── DATA EXTRACT

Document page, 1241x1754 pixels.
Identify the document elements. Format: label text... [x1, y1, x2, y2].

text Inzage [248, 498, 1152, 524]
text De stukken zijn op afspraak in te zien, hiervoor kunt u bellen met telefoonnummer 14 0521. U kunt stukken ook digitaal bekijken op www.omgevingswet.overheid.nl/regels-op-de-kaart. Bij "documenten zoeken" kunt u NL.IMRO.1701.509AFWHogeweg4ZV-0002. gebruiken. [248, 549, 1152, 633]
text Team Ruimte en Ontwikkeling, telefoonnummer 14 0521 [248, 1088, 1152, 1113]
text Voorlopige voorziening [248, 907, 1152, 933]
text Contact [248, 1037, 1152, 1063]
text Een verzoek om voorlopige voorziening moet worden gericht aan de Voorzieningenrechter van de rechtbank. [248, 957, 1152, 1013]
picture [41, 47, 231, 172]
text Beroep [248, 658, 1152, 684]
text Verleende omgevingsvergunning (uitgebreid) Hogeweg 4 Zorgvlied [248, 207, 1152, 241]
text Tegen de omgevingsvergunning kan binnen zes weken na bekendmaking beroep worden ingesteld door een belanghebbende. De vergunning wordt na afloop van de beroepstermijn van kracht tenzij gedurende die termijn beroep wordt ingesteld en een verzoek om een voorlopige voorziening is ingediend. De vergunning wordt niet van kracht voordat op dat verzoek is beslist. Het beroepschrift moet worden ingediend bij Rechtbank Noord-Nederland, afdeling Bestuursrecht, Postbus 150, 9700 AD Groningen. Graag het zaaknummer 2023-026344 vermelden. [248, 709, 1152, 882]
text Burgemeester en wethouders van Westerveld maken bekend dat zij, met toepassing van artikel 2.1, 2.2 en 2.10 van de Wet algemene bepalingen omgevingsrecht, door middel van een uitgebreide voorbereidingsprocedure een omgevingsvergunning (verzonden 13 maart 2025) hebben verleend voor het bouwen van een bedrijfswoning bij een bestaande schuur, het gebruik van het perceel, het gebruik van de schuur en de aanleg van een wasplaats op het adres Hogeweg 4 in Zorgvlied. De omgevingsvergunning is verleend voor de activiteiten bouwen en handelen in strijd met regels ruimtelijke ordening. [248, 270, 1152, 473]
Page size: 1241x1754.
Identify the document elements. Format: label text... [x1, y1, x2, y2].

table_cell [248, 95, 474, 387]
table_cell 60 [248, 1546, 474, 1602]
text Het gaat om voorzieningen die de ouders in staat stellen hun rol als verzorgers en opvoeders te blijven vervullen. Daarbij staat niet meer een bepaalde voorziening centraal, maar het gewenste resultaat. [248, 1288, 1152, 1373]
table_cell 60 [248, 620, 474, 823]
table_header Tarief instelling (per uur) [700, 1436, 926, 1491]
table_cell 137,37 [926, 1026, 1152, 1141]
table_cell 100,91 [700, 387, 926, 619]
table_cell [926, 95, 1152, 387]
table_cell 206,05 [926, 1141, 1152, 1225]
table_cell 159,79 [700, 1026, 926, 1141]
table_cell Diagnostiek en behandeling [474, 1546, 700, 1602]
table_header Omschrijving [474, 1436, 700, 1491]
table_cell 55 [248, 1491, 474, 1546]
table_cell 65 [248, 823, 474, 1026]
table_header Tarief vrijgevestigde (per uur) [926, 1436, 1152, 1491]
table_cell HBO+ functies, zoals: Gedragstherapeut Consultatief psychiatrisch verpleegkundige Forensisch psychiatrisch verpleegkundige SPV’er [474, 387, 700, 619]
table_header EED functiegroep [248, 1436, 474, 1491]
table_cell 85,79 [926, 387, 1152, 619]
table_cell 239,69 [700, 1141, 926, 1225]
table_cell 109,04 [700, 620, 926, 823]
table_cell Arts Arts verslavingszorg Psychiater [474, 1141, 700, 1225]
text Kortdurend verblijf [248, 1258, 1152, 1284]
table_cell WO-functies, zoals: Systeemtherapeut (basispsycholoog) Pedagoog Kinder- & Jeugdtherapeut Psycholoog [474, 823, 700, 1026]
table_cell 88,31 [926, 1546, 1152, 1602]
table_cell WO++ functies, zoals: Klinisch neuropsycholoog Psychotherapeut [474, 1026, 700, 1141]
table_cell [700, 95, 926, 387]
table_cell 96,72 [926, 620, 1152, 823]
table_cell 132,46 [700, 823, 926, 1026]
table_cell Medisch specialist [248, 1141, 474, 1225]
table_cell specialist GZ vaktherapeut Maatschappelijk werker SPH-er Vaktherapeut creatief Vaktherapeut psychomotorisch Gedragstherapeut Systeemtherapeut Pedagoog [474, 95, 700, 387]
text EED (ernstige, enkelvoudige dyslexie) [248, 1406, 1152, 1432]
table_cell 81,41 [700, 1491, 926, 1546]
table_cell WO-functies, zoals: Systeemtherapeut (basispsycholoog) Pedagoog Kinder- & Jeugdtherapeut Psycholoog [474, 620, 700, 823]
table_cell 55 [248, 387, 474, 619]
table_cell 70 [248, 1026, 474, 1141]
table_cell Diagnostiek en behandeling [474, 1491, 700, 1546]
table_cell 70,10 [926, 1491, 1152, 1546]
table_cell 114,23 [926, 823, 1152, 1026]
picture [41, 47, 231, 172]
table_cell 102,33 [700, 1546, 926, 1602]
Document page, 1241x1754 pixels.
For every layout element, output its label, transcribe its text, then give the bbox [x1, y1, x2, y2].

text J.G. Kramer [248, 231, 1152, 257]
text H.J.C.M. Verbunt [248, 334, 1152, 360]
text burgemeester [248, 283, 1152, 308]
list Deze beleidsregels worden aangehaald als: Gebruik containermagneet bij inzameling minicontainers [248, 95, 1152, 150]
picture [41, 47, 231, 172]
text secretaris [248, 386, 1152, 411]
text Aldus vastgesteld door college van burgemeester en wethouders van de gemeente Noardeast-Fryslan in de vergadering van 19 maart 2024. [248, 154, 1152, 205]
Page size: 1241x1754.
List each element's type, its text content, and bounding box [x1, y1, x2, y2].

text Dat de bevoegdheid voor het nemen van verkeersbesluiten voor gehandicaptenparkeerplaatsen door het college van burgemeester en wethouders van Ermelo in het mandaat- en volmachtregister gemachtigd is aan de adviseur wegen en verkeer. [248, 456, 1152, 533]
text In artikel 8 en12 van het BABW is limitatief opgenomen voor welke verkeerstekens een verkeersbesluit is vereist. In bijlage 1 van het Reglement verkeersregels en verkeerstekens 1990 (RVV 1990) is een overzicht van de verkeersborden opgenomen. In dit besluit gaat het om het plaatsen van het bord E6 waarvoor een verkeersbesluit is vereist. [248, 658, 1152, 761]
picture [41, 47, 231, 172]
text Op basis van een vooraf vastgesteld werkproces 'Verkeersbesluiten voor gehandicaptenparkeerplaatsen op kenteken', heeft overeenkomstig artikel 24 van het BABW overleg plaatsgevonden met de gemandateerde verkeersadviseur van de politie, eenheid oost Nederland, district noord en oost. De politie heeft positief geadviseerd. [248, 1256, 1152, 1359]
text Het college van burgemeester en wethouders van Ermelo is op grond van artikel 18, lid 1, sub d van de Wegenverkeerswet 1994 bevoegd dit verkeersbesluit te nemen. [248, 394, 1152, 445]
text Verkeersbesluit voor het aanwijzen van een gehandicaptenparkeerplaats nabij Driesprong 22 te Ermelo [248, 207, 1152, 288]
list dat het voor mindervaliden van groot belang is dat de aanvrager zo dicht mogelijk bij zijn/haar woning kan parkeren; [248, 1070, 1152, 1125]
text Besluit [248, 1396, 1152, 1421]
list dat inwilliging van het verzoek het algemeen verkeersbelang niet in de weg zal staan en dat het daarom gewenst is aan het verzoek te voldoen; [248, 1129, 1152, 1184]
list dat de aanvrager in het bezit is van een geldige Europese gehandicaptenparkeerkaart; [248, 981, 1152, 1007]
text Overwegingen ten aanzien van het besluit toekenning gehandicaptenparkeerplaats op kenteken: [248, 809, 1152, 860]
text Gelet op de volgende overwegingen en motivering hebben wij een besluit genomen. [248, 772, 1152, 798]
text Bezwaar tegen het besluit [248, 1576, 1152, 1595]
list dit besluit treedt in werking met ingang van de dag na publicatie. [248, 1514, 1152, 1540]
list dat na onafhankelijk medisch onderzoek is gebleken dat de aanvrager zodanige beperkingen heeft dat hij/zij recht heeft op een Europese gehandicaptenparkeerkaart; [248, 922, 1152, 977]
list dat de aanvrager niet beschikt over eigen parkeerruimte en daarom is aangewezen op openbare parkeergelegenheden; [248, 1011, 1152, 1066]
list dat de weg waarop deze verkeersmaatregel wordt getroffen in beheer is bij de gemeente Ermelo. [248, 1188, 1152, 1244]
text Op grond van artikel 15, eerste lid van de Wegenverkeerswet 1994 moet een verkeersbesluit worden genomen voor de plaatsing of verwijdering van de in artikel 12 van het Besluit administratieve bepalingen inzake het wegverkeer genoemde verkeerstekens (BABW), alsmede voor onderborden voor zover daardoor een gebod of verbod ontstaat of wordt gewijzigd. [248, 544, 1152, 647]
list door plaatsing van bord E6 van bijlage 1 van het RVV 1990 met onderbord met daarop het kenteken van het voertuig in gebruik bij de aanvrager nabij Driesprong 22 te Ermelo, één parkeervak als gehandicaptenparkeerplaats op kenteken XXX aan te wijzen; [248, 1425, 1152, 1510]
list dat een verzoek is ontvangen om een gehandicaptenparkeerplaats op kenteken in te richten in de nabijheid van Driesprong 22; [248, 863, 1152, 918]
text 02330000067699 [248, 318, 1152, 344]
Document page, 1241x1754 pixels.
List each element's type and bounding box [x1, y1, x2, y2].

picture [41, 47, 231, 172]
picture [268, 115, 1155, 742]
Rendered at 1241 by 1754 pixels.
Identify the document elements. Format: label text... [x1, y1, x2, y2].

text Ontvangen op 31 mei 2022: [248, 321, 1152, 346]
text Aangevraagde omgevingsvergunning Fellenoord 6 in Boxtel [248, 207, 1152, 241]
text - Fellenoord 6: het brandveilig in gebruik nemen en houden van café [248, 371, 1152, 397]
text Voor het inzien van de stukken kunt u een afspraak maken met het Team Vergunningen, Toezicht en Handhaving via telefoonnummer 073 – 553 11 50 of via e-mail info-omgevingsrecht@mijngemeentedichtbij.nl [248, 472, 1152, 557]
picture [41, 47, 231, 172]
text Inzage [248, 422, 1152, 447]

────

### TASK BRIEF
Find the word "zijn" in the records and pull out each line that has it.

### SOLUTION
text De stukken zijn op afspraak in te zien, hiervoor kunt u bellen met telefoonnummer 14 0521. U kunt stukken ook digitaal bekijken op www.omgevingswet.overheid.nl/regels-op-de-kaart. Bij "documenten zoeken" kunt u NL.IMRO.1701.509AFWHogeweg4ZV-0002. gebruiken. [248, 549, 1152, 633]
list dat het voor mindervaliden van groot belang is dat de aanvrager zo dicht mogelijk bij zijn/haar woning kan parkeren; [248, 1070, 1152, 1125]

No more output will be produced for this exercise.